Africa-focused farming and oil palm plantation company Feronia (CVE:FRN) narrowed its full year losses in 2011, as revenue grew 91 percent on improvement in crude palm oil production and higher prices.
For the period that ended December 31, 2011, revenues grew to $7.45 million from $3.91 million a year earlier.
The company narrowed its net loss to $5.7 million or four cents per share, compared to a loss of $6.87 million or nine cents per share in 2010.
Feronia said crude palm oil (CPO) production was up 61 percent to 7,981 tonnes for the full year, up from 4,951 tonnes in 2010.
A total of 12,110 hectares (ha) of oil palms were replanted during the year. The company also reported that realized average sales price for CPO was $984 per tonne in 2011, up from $746 per tonne a year earlier.
"We raised new equity which allowed the company to accelerate its re-planting program and advance the construction of a new palm oil mill at Yaligimba plantation.
"We completed the re-planting of 2,110 ha of oil palm, exceeding our 2,000 ha target. With our existing palms, we increased realized yields and oil extraction ratios, resulting in a 61 percent increase in CPO production.
"In our arable farming division, we succeeded in getting all required inputs and machinery into the country, commenced construction of our drying, storage and processing facilities, and sowed 1,200 hectares of rice, the largest single sowing in the history of the DRC."
Feronia said it achieved gross margin of 45 per cent for the year, compared to 40 percent in 2010. As at December 31, the company had $13.5 million in cash, and no debt.
In Feronia's palm oil division, fresh fruit bunch (FFB) average yield increased to 3.66 tonnes per ha, from 2.28 tonnes per ha in 2010.
The company's oil-extraction rate (OER) increased to 17.1 percent from 16.3 percent in 2010.

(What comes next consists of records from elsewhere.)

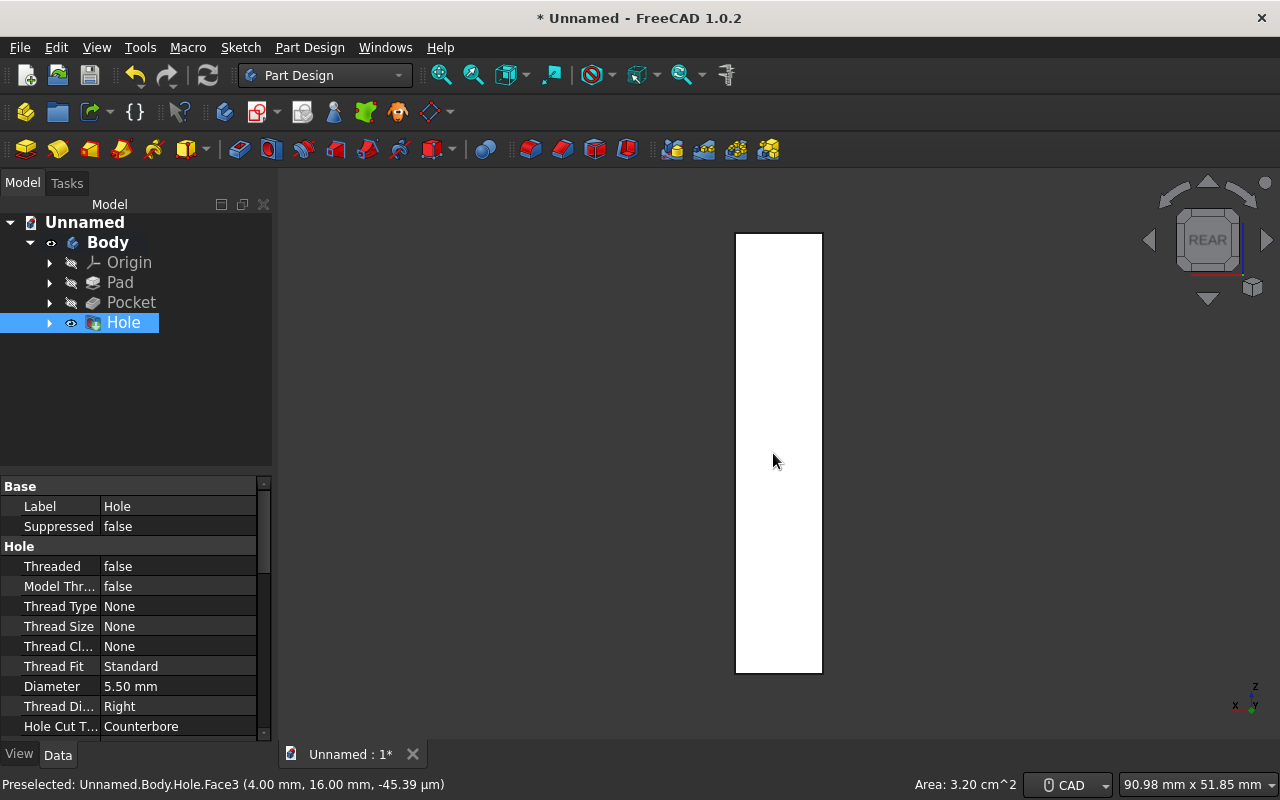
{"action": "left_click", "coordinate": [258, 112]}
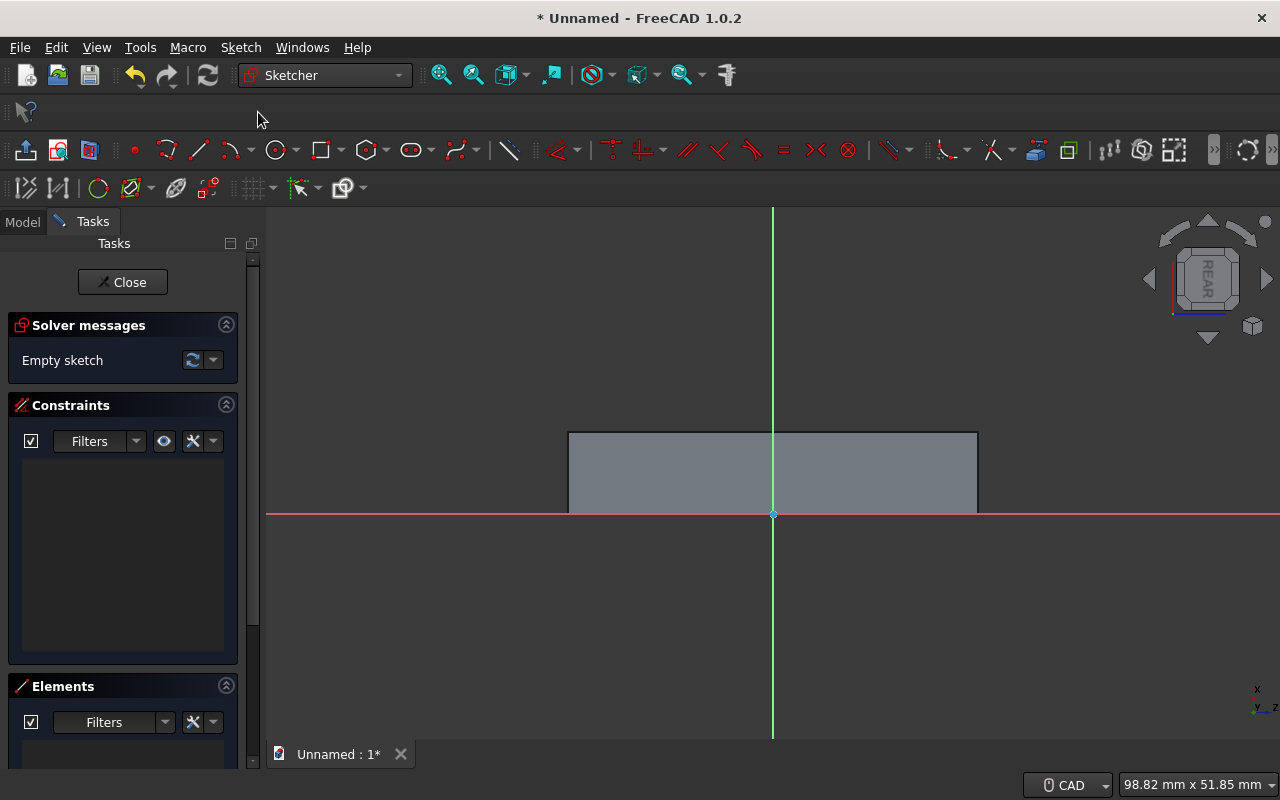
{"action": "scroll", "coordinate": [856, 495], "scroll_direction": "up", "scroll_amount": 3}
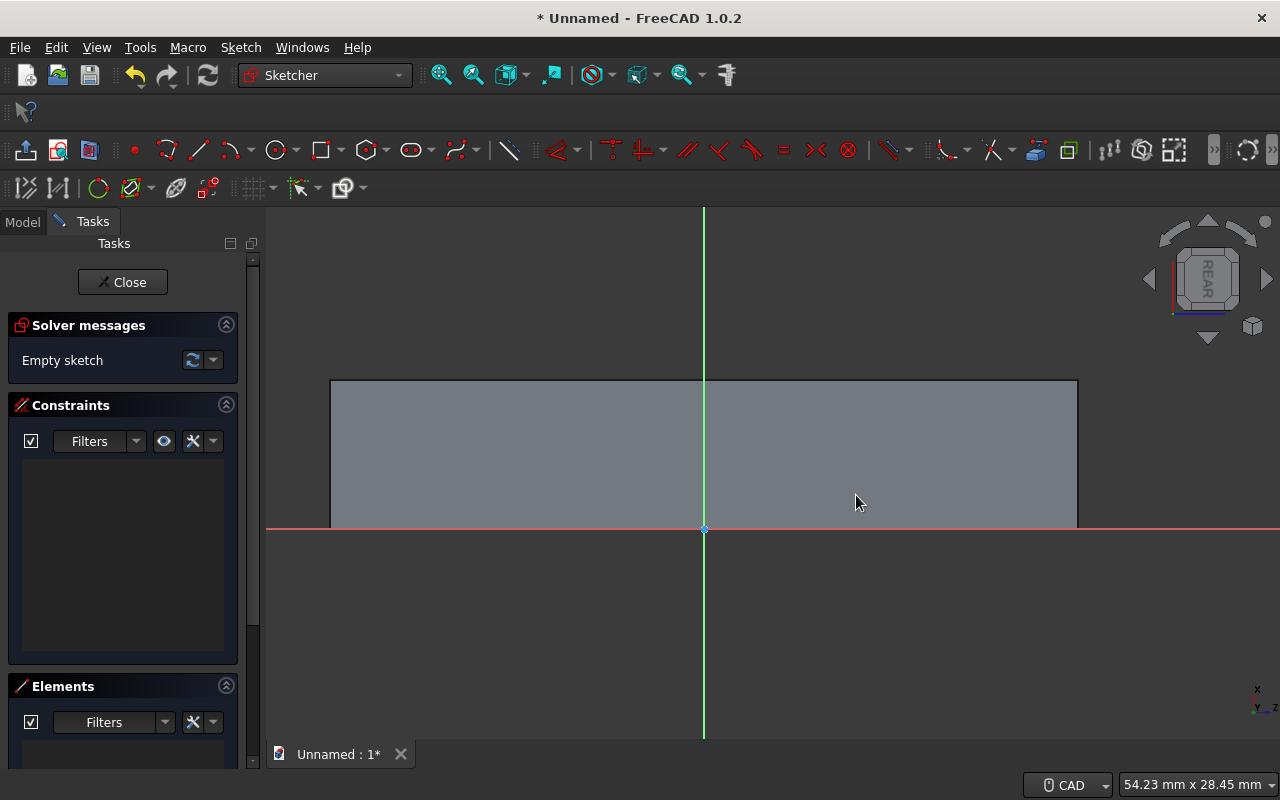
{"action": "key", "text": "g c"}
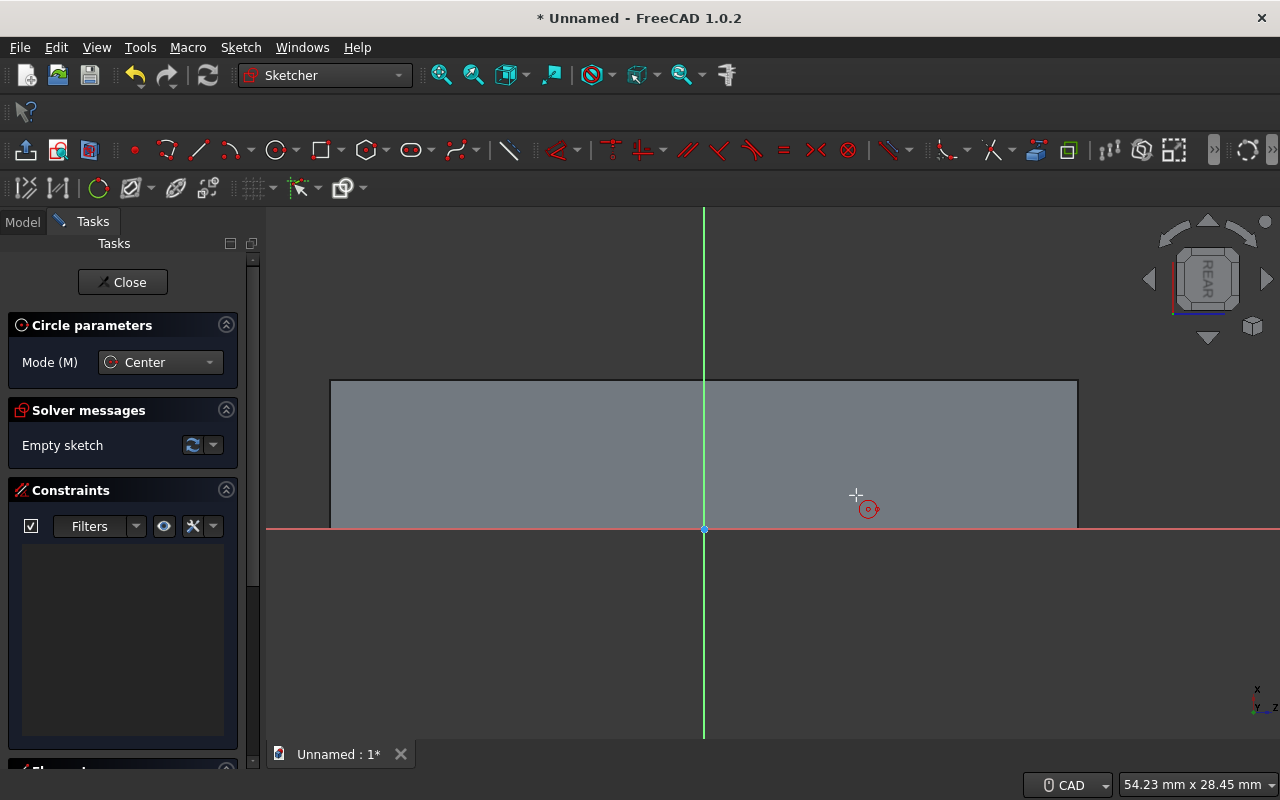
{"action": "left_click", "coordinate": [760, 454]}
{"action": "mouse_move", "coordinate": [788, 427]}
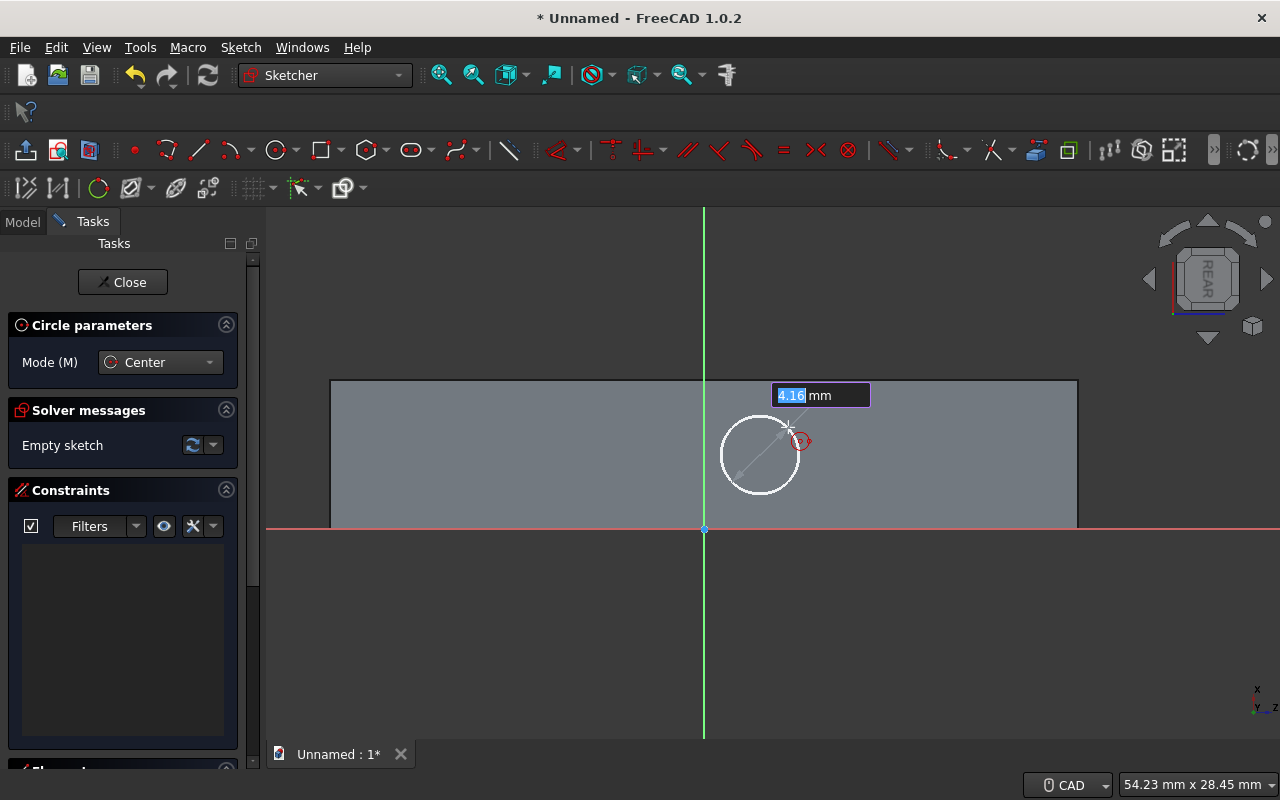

Feronia said that in 2011, it began the first application of fertilizer to oil palms aged between four and 16 years, with 821 ha covered to date, and noted 880 ha of oil palms were replanted so far in 2012.
The company also reported Tuesday that the first stage of civil work was completed for its new palm oil mill at Yaligimba, in the Democratic Republic of the Congo (NYSE:DRC). The palm oil mill, which is being commissioned in the fourth quarter at the Yaligimba plantation, is expected to have an initial processing capacity of 30 tonnes per hour of FFB.
The capacity is expected to be increased to 60 tonnes per hour in a phase two expansion, which will be implemented as the mill approaches full capacity utilization.
Under its arable farming division, the company noted that its first commercial rice crop of 1,200 ha was sown in October and November 2011. Feronia said that while the harvest in February 2012 produced yields of up to 2.3 tonnes of paddy per ha on the early sown fields, a delay in planting and atypical adverse climate conditions resulted in only minimal yields.
In February 2012, 300 ha of rice were planted and it expects to harvest this crop in May 2012.
Looking ahead, Feronia said it plans to complete several capital investments in 2012.
Once commissioned, the new Yaligimba mill is expected to allow an "immediate and material" increase in CPO and revenue contribution from the Yaligimba plantation.
"We anticipate further incremental improvements from existing areas," said Feronia executive chairman Ravi Sood.
"The Yaligimba mill is scheduled to be commissioned in the fourth quarter of 2012 and once this occurs, the company expects to have substantial excess processing capacity which it plans to leverage in coming years through new plantings.
"In 2012, the company's arable farming group expects to complete and commission its rice mill and additional drying and storage capacity. Management will be focused on improving yields at the arable farming operation and completing the division's first commercial sales."
Feronia said that key objectives in 2012 include completing up to 5,000 ha of re-planting across its oil palm plantations, and proving commercial yields of rice and beans at its arable farming division.
The company's focus is on its arable farming operations and oil palm operations in the DRC, Africa. It employs Brazilian and US-style agriculture systems at its arable operations for the greatest efficiency and economies of scale.
Feronia's shares were trading at 29 cents on Tuesday afternoon.